# irish guy seeks to build router table



## irishguy1888 (Apr 26, 2014)

I built a router table a few years ago when building a cedarstrip boat but TBH, even thou it done what I needed it for when routering my cedarstrips, it ain't that great a table. Im now looking to upgrade it so it can be just as good as a bought table. Im in the process of building a few beehives and using this table is a nightmare. 

All I have now is a 4x2ft ply table with tge router turned upside down. I screwed a straight edge onto the table to work to and have this made up bit of timber(don't know what it's called) that pushes against the timber to keep it inplace. 

What I want to do is put a straight edge in that can be moved across the table so im not having to keep screwing and unscrewing the straight edge out with the drill.
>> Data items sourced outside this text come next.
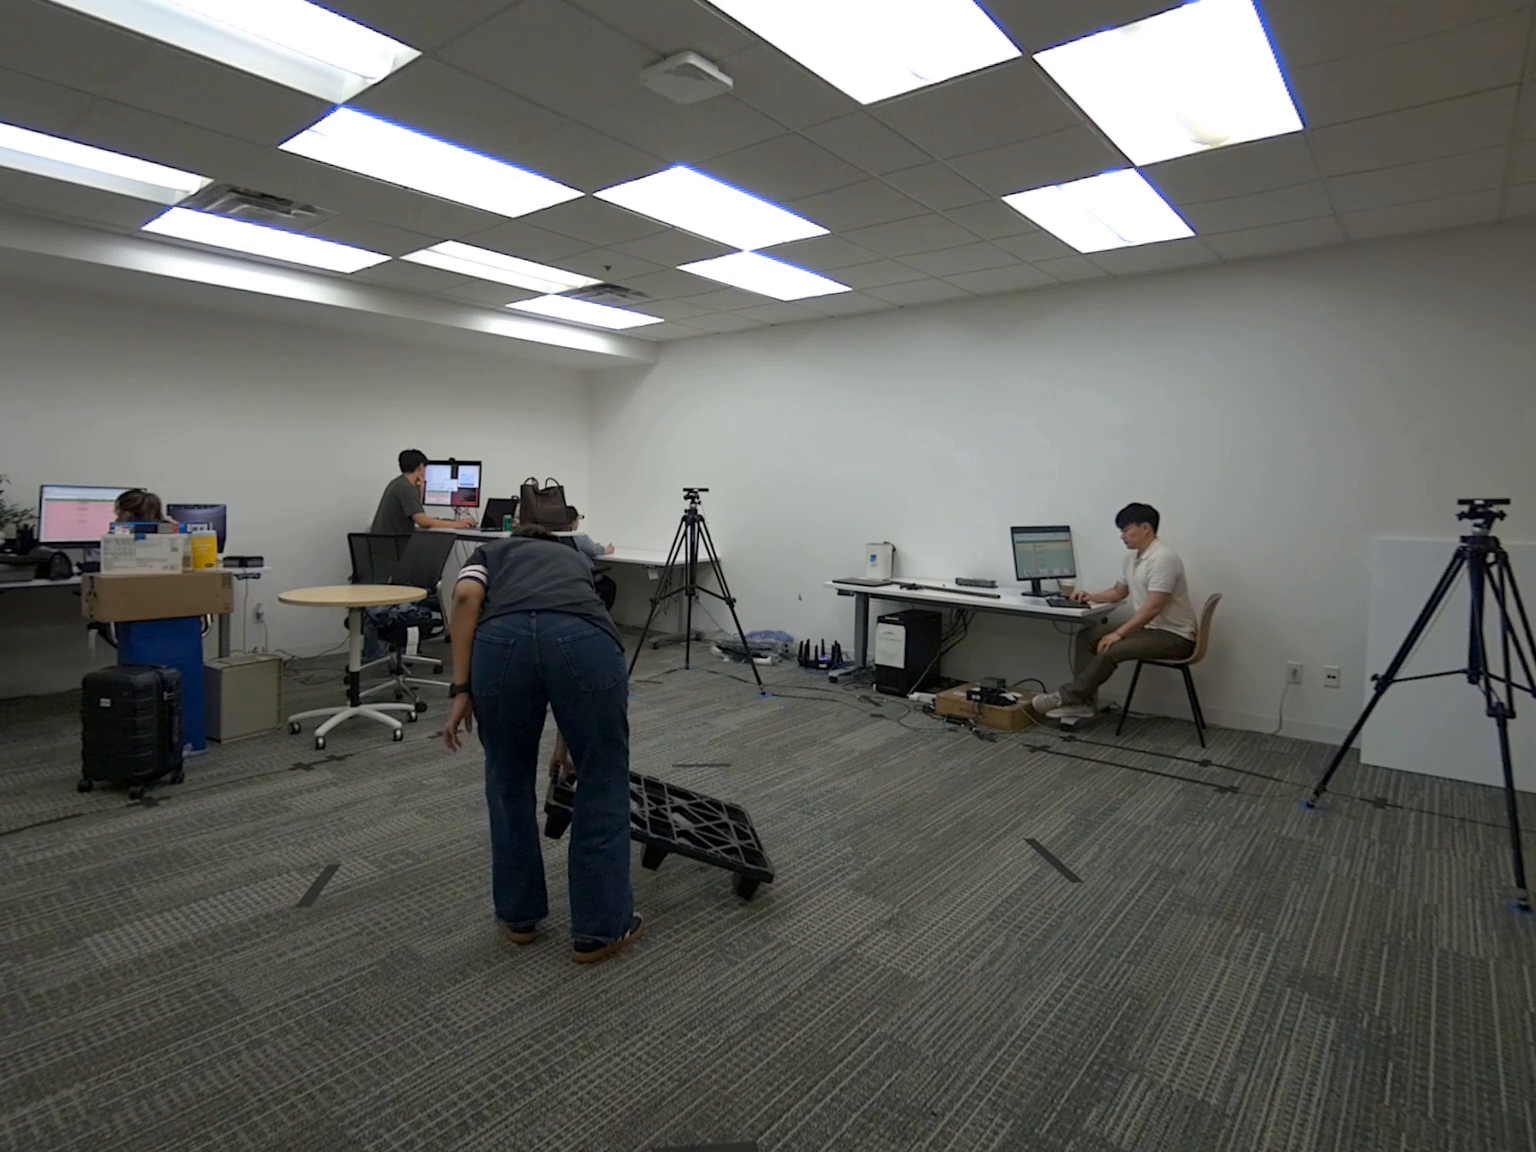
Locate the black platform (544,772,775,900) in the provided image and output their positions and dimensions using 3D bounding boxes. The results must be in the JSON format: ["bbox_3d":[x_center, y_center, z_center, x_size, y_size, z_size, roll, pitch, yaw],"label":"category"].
[{"bbox_3d":[-0.426,0.887,3.055,0.796,0.143,0.613,20,2,-10],"label":"black platform"}]
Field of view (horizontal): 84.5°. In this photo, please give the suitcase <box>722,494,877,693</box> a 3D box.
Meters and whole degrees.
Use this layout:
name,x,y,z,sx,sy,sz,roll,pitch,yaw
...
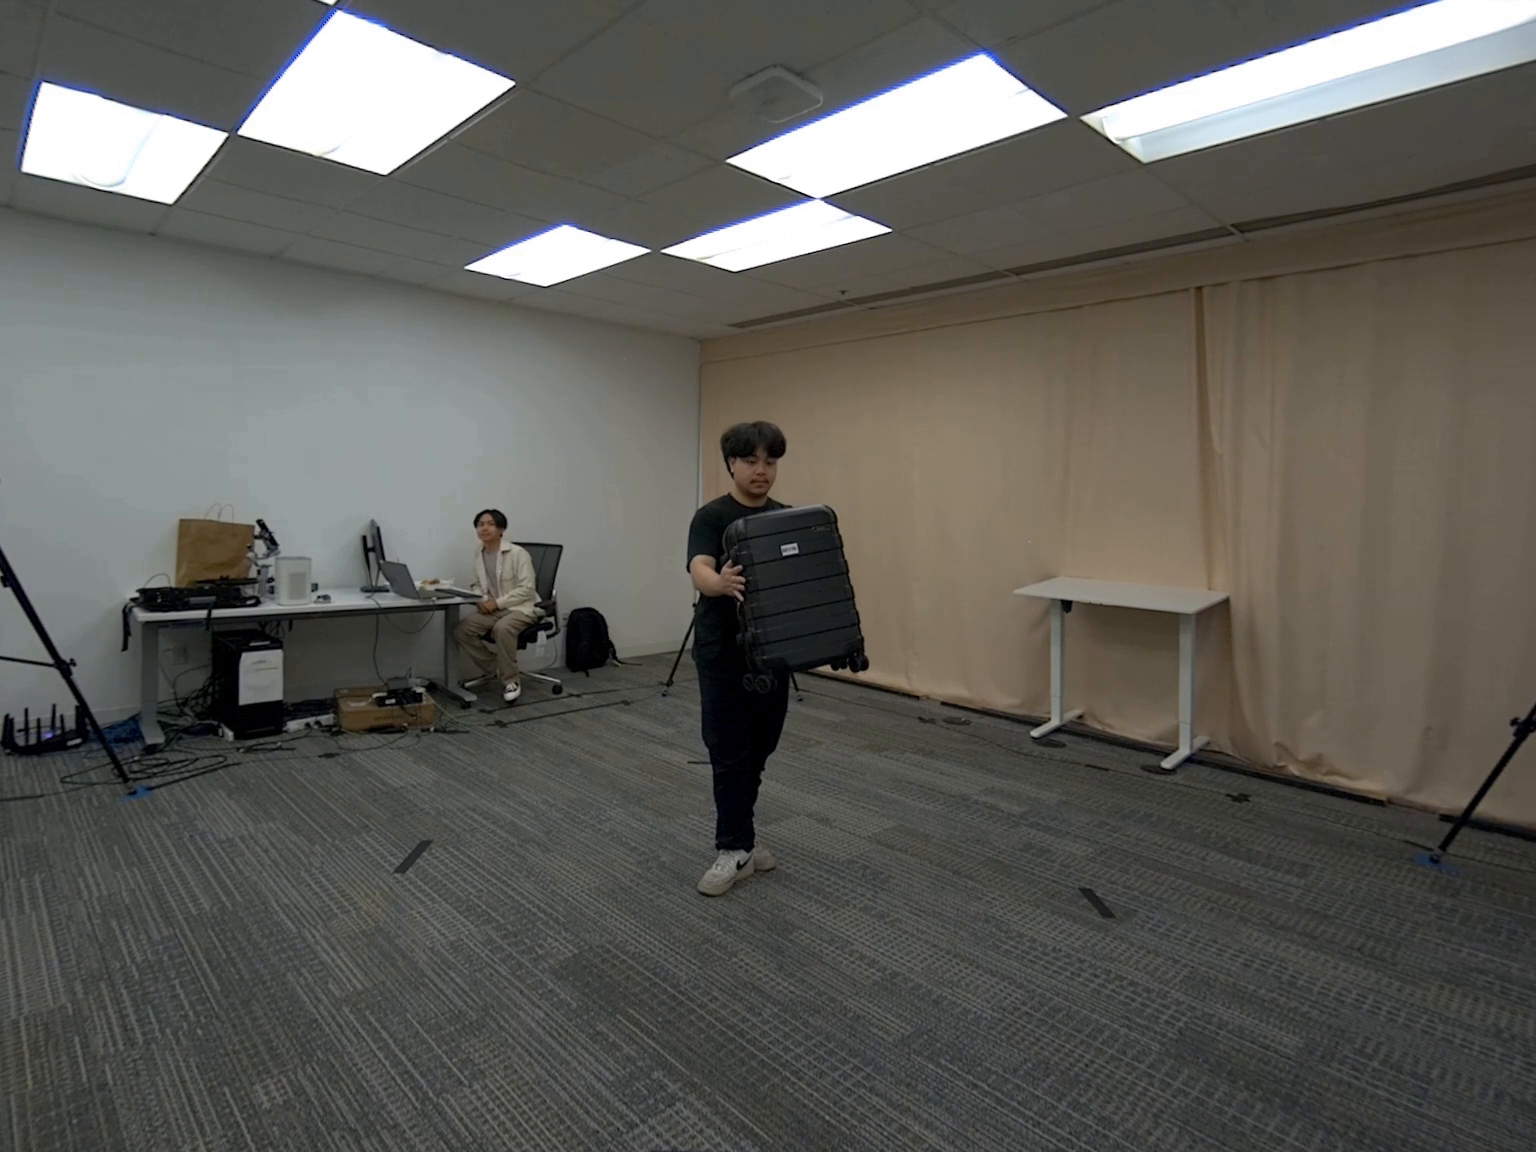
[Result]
name,x,y,z,sx,sy,sz,roll,pitch,yaw
suitcase,0.073,0.058,2.674,0.373,0.552,0.249,-9,-5,-11

Same goes for the part that keeps the timber in place. I'll also want to be able to lift the router out of the table rather thanhaving to get under and screw the router out each time I've to change the router bit or to change the debth.


----------



## BernieL (Oct 28, 2011)

First - welcome to the best woodworking forum on the net -

To answer your question - look at the forum thread we are in at the moment and read the post titled "router lift". I bought a table and lift a few years ago which I'm happy I own... but had I seen this "router lift" post, I would have built my own. Al Thayer really built an excellent table and lift - just as accurate as expensive set up. His lift is a simple build with excellent result.


----------